Chikashi had been deeply moved by the sound of Goro’s exuberant voice, but now it was time to pull herself together and make breakfast for her family. She decided to keep the “Berlin tapes” for herself, rather than returning them to her husband. For the first time in a very long while, mixed in with
a complex stew of other emotions, she even felt a faint stirring of sexuality.

And based on what she’d gleaned from Goro’s recorded narrative, Chikashi felt absolutely certain that the girl in question would never turn into the type of person who could be called a “wretched woman” by some third-rate tabloid journalist.

7

Three months went by, or thereabouts. And then, out of the blue, who should appear in Chikashi’s life but the young woman Goro had talked about with so much passion? First, there was a phone call from the girl, which was an unexpectedly pleasant experience in itself.

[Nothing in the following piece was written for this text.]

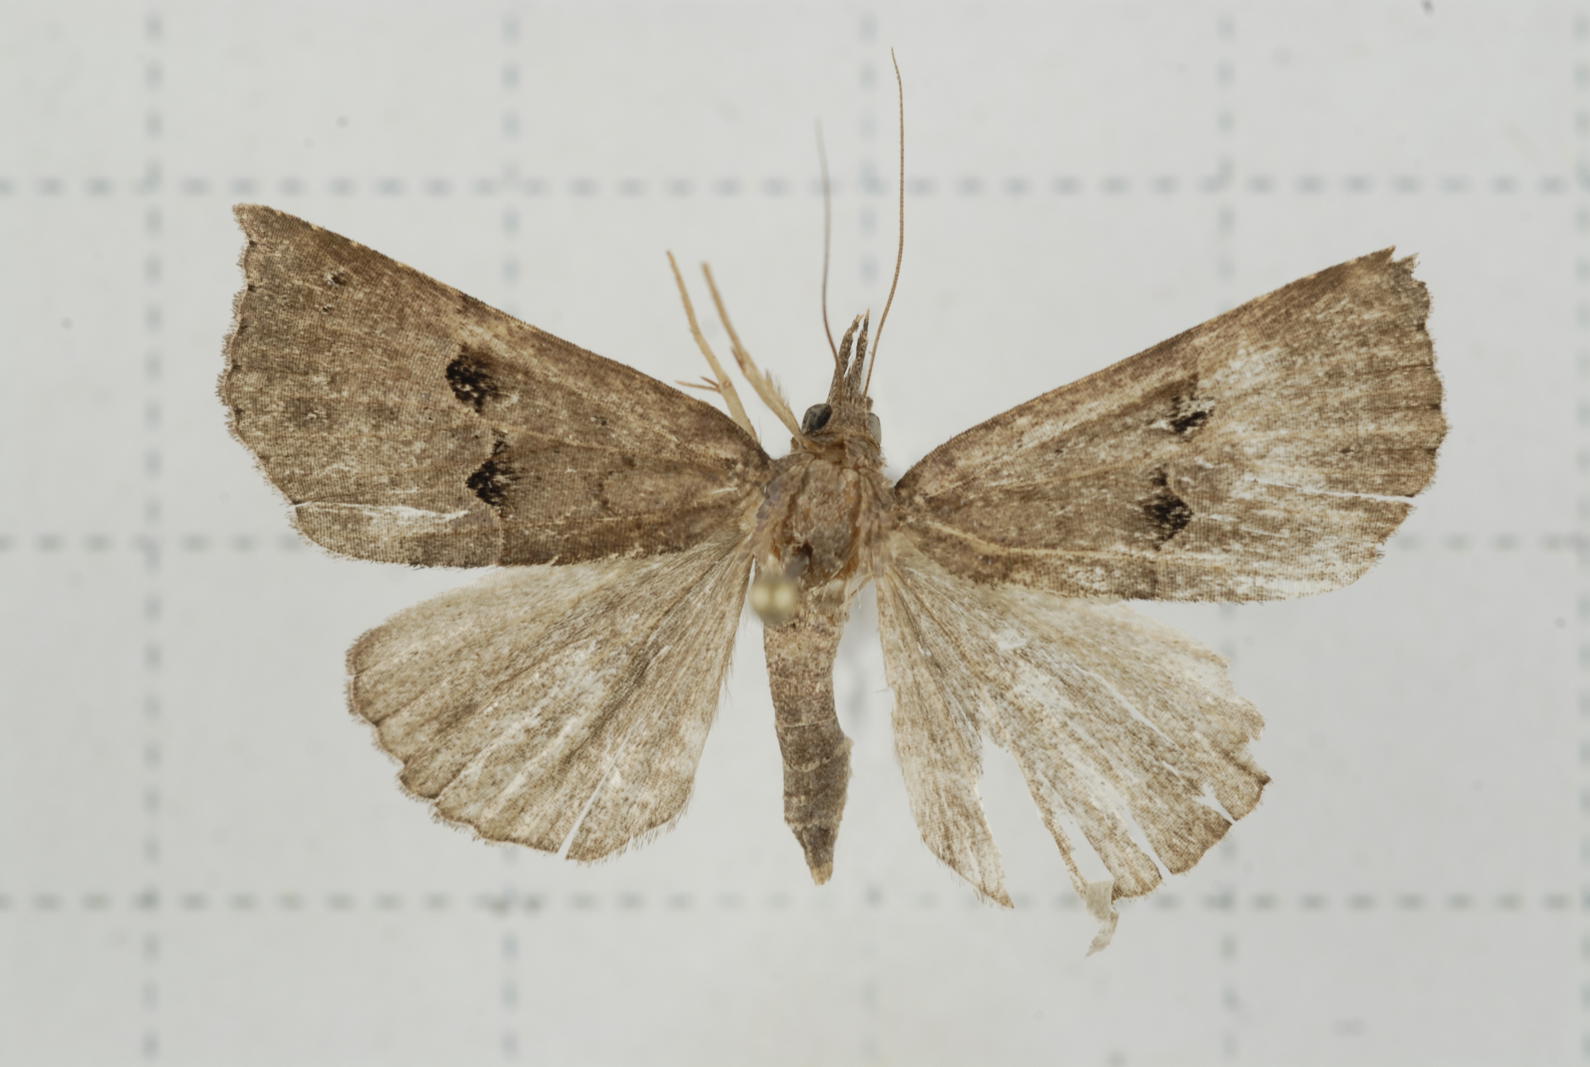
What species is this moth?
Hypena sinuosa
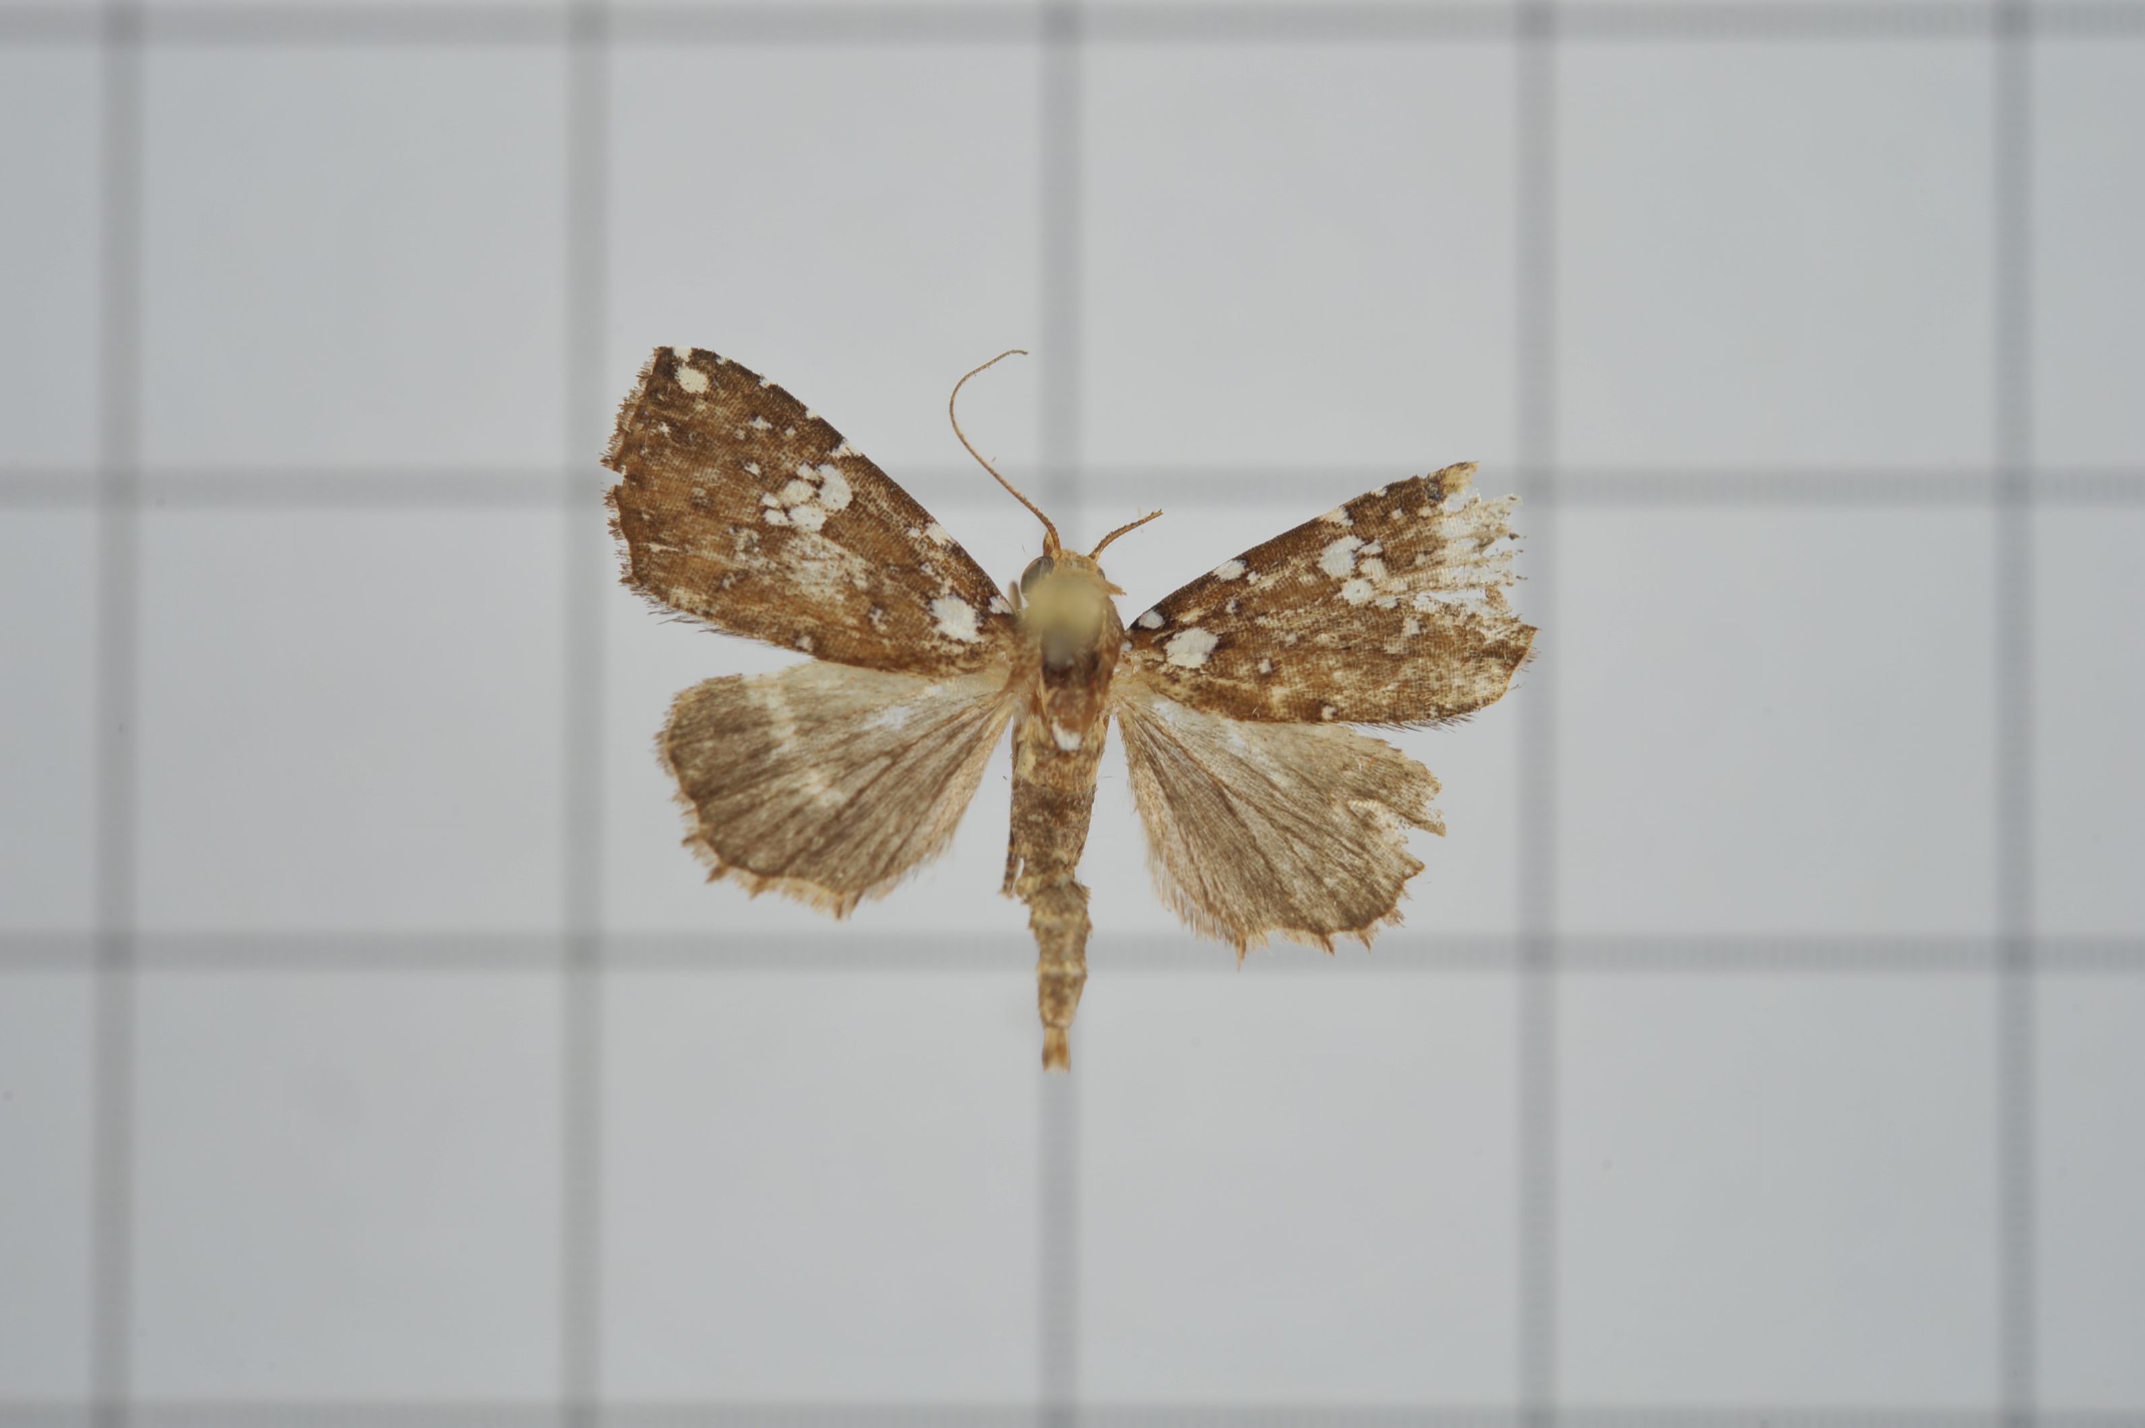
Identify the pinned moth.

After Goro’s death, there had been a sudden increase in phone calls from complete strangers, and as a result Chikashi had developed a not entirely irrational feeling of dread and aversion toward the telephone itself. In one sense, those calls had been harder to deal with than the complaints about Kogito’s always-controversial work that had flooded in on numerous occasions in the past, from both ends of the political spectrum. But when the call came from the girl, and even before Chikashi had any idea who the caller was or what her business might be, she somehow got the feeling, just from the young woman’s voice and way of talking, that maybe the telephone wasn’t such a bad thing, after all. This quasi-magical system that could link two human beings together by way of
a feeble electrical current flowing over a telephone line: why had she forgotten how comforting that connection could be? And that very phenomenon—two strangers on either end of a telephone line—turned out to have the power to rescue Chikashi from the submerged feelings of isolation and helplessness that had been haunting her for so long she wasn’t really conscious of them anymore.

“Three years ago, in Berlin, I was working for Goro Hanawa, and he gave me this number,” the girl began. “Is this Chikashi, by any chance? If you don’t mind, I’d like to talk to you for a minute. My name is Ura Shima.”

The voice on the telephone had the affectless quality so often heard in the voices of young women these days, a sort of unobtrusive monotone from which any tinge of emotion had been erased, but even so, it gave Chikashi a good feeling. It was as if the initial surprise at hearing that the voice belonged to the girl who was with Goro in Berlin had been quickly subsumed in a sensation of warmth and consolation.

“I’ll be happy to talk to you,” Chikashi said with complete sincerity.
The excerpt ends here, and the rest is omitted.